As razões que levaram Morgado a afeiçoar-se ao líder do Galo Negro, ao ponto de submeter-se às condições difíceis que se vivia nas matas inóspitas do antigo quartel-general da Jamba, permanecem no segredo dos deuses e poderão mesmo nunca ser desvendadas. Durante as escaramuças, que se seguiram as conturbadas eleições legislativas e presidenciais de 1992, Morgado chegou a ser preso em Luanda, à semelhança de outros membros da sua antiga formação política. Sobreviveu à cadeia e manteve-se sempre fiel a Jonas Savimbi.

Em rota de colisão com Samakuva

Quando, no princípio de 2005, Carlos Morgado bateu com a porta pedindo a sua demissão da direcção da UNITA ninguém previa que um dia ele viesse a juntar-se a Abel Chivukuvuku para formar a actual CASA-CE.

Mas, o seu gesto era um sinal de desagrado com a forma como Isaías Samakuva vinha a conduzir o barco da UNITA. Naquela altura, o Semanário Angolense, numa peça subscrita pelo jornalista Severino Carlos, dizia que Morgado teria enveredado por uma espécie de «resistência passiva», já que deixara praticamente de participar nas grandes reuniões dos órgãos de cúpula do Galo Negro. Em 16 de Fevereiro daquele ano, ou seja, três anos após a morte de Savimbi, Morgado fizera chegar uma carta pessoal a Isaías Samakuva, na qual dizia as suas razões ao mesmo tempo que colocava o seu lugar à disposição do líder do Galo Negro.

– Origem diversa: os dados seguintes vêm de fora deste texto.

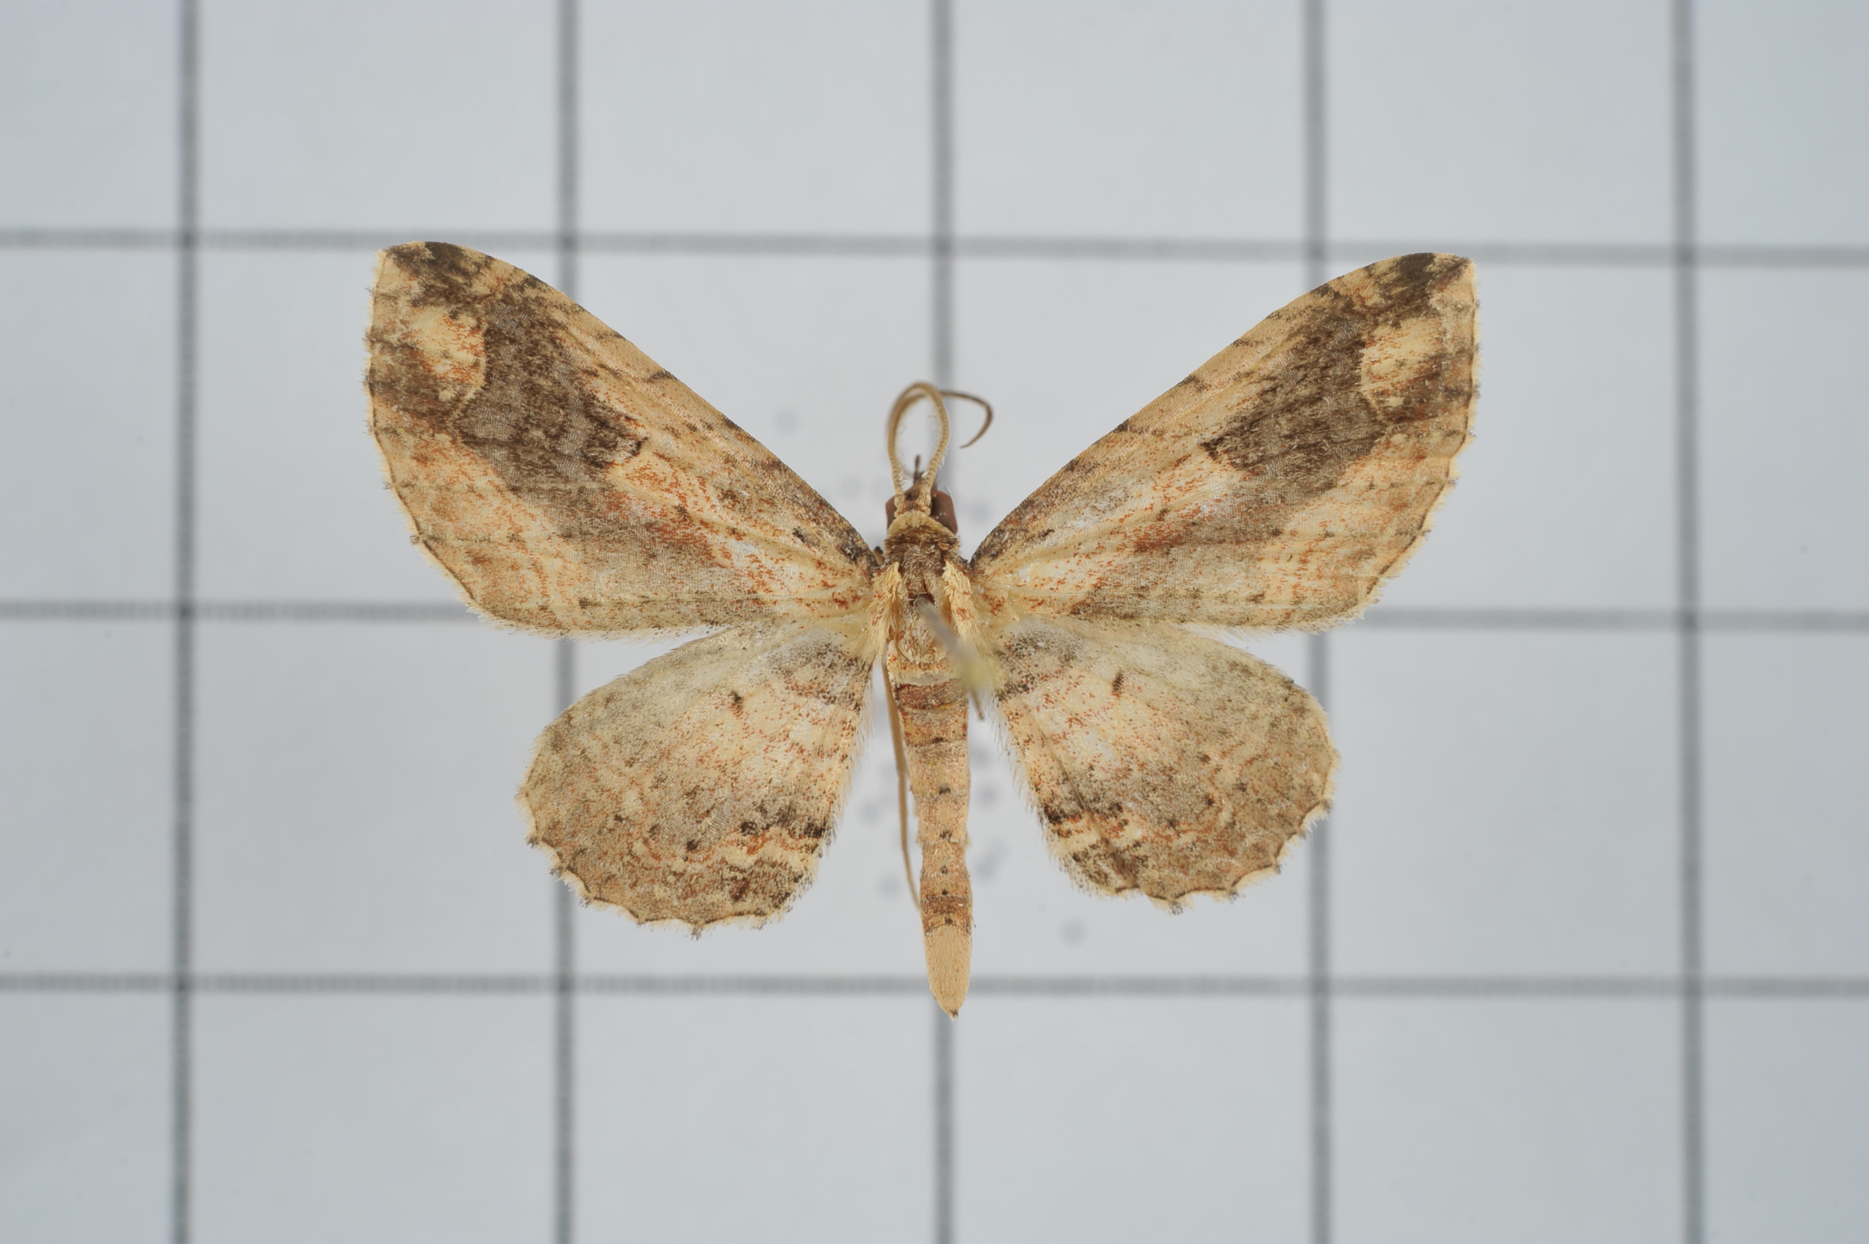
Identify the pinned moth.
Ziridava kanshireiensis

Deixando transparecer uma certa fidelidade canina a Jonas Savimbi, ele falava de uma UNITA transvertida sob liderança de Samakuva, que, segundo Morgado, estava muito afastada dos princípios e ideais do Mungai.

Na missiva, criticava factos tais como a intriga cultivada pela «entourage» de Samakuva, o desprezo aos quadros mais competentes e dinâmicos, e a negligência em relação à situação dos antigos combatentes, desmobilizados, mutilados e viúvas do Galo Negro. Ele também considerava que a UNITA estava a alienar o papel de líder da oposição, e que as estruturas do partido, além de não serem respeitadas, são preenchidas com base em critérios como o oportunismo e o amiguismo. Na óptica do articulista, a ruptura com Samakuva era até certo ponto previsível, já que Morgado tinha sido um aliado circunstancial do actual líder da Unita. À altura da morte de Jonas Savimbi, Morgado, seu antigo médico-pessoal, encontrava-se em Lisboa, sendo o verdadeiro «patrão» das estruturas semi-clandestinas do Galo Negro em terras lusas, embora esse lugar podia ser exercido por outras figuras que lá se encontravam há mais tempo.

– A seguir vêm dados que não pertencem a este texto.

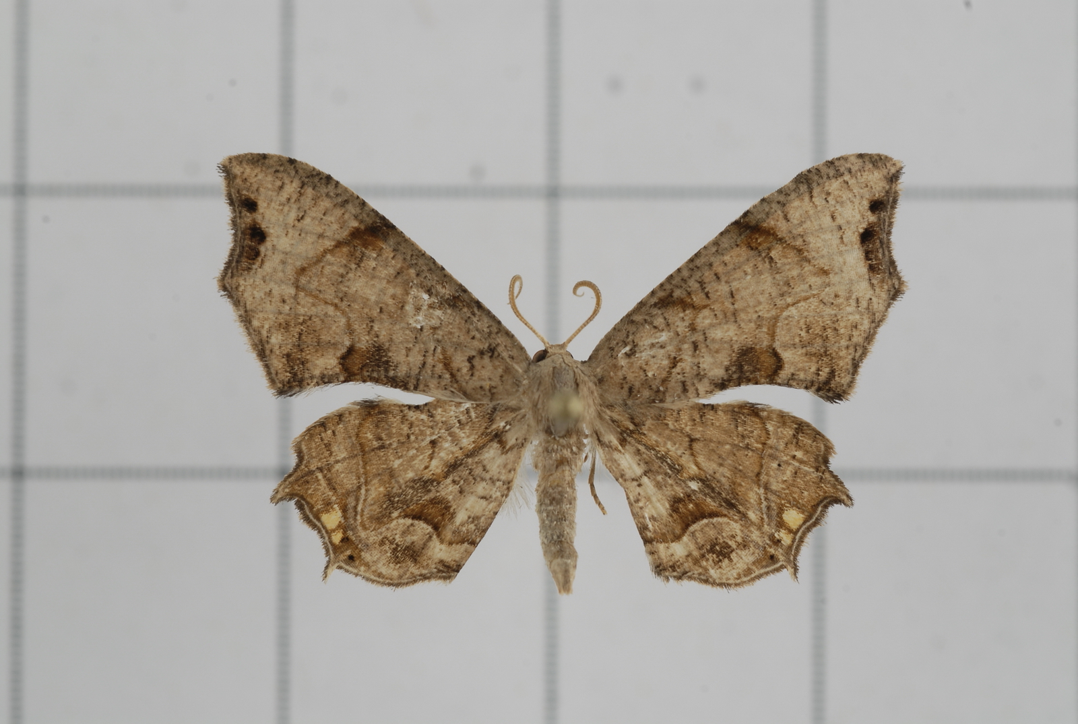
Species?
Dysaethria suisharyonis
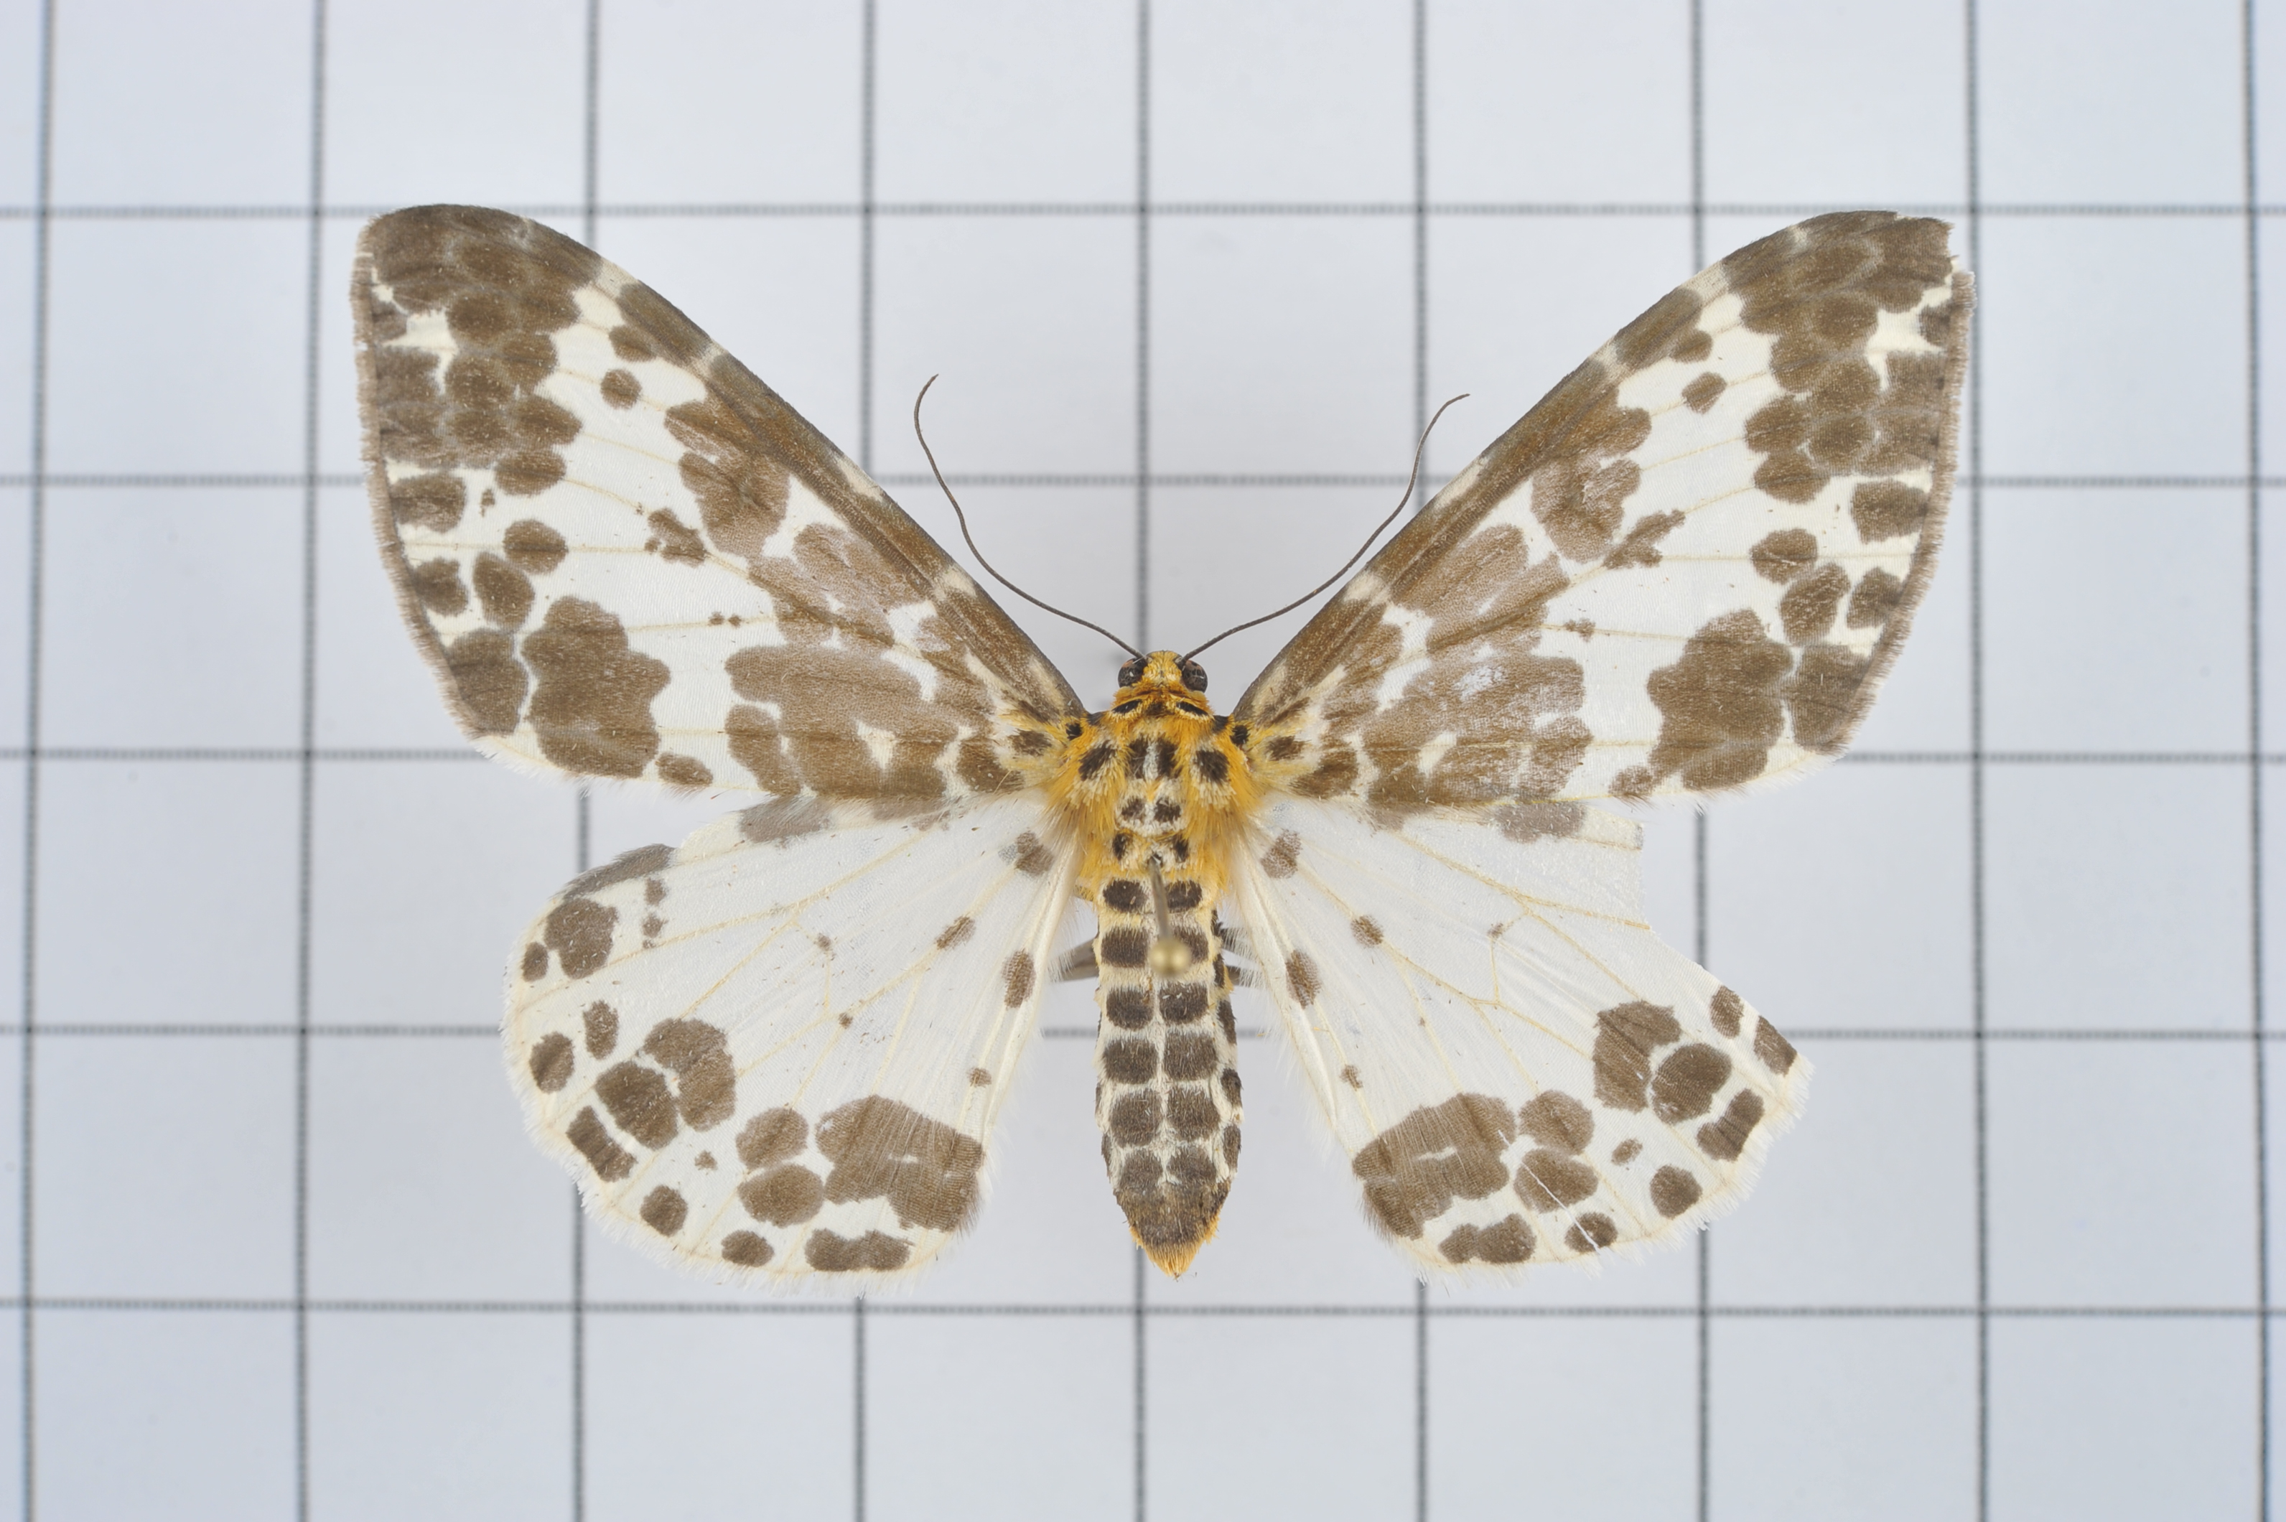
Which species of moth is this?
Pogonopygia pavida pavida

Dizia-se que ao permanecer com Samakuva, fê-lo de certo modo contrariado. Apesar de médico, Morgado sempre teve mais inclinação para a política activa, facto testemunhado no passado pelas suas intervenções, discursos e declarações tonitruantes que agastaram o MPLA em Luanda. Mas Samakuva não lhe dera esse espaço político, acantonando-o no posto de secretário para a Saúde e Ambiente no Comité Permanente. Não era lá muito bem o que Morgado pretendia. Em consequência, o antigo médico pessoal de Savimbi foi murchando, murchando, murchando. Murchou ainda mais quando viu que nem aquilo que podia ser um lenitivo para a sua lenta hemorragia (o posto de ministro da Saúde no GURN) lhe foi dado – neste caso, não já por culpa de Samakuva, mas por obra de um inimigo ainda mais figadal como é o MPLA.

Em relação a este último assunto, sabe-se que em pelo menos duas ocasiões viu o seu nome chumbado pelo partido governante quando o foi indicado para ocupar a pasta de ministro da Saúde. Em vida, Carlos Morgado terá deixado como sua «marca registada» o facto de os seus discursos comportarem uma série de «ruídos», num português fortemente mesclado com a pronúncia da língua nacional umbundu.